● Directions: Beneath this line are the data; copy exactly the part of them that opens with the line containing "extrude(amount=-F1_DEPTH)" and closes with the line containing "q3.face_2 = zero draft", and only that part.

● Given entries:
**********
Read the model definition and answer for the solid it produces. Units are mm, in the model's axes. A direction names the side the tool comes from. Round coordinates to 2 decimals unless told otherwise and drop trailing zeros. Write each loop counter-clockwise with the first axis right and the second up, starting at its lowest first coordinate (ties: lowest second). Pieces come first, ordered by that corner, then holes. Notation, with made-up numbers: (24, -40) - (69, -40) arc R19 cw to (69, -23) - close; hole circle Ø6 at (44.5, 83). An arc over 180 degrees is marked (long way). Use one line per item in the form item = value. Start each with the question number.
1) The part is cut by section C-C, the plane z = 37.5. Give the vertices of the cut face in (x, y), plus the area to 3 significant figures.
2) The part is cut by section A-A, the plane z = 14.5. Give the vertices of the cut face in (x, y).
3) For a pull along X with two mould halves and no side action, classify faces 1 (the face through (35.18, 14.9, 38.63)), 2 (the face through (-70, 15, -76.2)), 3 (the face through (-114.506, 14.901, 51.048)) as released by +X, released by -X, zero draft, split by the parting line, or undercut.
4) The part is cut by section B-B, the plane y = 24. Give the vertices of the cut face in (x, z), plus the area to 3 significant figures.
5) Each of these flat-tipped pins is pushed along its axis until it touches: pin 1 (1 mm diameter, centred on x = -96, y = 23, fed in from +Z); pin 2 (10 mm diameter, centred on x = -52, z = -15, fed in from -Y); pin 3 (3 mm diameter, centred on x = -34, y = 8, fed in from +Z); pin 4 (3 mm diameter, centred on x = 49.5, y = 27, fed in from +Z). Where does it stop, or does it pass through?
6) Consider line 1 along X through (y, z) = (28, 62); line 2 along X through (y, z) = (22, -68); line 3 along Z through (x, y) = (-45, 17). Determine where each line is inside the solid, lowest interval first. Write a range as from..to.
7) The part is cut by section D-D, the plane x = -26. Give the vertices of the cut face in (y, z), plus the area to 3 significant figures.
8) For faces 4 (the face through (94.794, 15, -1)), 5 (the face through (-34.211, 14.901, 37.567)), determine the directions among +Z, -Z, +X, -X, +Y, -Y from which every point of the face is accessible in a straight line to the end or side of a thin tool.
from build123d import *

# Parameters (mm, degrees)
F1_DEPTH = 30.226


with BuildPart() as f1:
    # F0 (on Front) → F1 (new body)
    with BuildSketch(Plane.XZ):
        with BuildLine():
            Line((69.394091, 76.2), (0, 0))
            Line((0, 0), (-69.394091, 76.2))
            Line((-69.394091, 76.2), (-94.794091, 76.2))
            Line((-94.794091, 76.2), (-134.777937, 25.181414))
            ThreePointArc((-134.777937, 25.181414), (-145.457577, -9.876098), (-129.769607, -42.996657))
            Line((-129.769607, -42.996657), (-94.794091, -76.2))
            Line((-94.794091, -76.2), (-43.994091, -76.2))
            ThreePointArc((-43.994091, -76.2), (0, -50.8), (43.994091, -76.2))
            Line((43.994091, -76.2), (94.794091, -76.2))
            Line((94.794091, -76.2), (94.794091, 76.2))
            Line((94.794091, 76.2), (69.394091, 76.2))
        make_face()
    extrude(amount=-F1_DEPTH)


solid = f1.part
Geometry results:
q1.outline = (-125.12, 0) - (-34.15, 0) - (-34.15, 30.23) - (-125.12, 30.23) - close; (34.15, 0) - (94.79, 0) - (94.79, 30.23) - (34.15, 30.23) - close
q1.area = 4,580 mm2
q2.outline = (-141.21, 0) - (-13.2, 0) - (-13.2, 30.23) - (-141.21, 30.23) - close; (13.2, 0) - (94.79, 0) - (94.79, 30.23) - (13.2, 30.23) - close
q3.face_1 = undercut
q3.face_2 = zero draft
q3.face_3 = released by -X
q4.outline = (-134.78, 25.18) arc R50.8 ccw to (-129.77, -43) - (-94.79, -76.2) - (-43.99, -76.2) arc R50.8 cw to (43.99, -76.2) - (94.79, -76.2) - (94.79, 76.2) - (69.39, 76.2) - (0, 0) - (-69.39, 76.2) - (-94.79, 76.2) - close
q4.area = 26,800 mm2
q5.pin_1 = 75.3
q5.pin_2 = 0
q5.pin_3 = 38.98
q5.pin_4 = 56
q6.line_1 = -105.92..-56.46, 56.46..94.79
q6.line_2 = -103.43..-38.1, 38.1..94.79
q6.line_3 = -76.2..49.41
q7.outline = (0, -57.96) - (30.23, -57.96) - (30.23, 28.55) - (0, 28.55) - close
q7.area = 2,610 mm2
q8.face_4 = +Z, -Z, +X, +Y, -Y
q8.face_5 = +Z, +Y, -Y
**********
● Completed exercise:
    extrude(amount=-F1_DEPTH)


solid = f1.part
Geometry results:
q1.outline = (-125.12, 0) - (-34.15, 0) - (-34.15, 30.23) - (-125.12, 30.23) - close; (34.15, 0) - (94.79, 0) - (94.79, 30.23) - (34.15, 30.23) - close
q1.area = 4,580 mm2
q2.outline = (-141.21, 0) - (-13.2, 0) - (-13.2, 30.23) - (-141.21, 30.23) - close; (13.2, 0) - (94.79, 0) - (94.79, 30.23) - (13.2, 30.23) - close
q3.face_1 = undercut
q3.face_2 = zero draft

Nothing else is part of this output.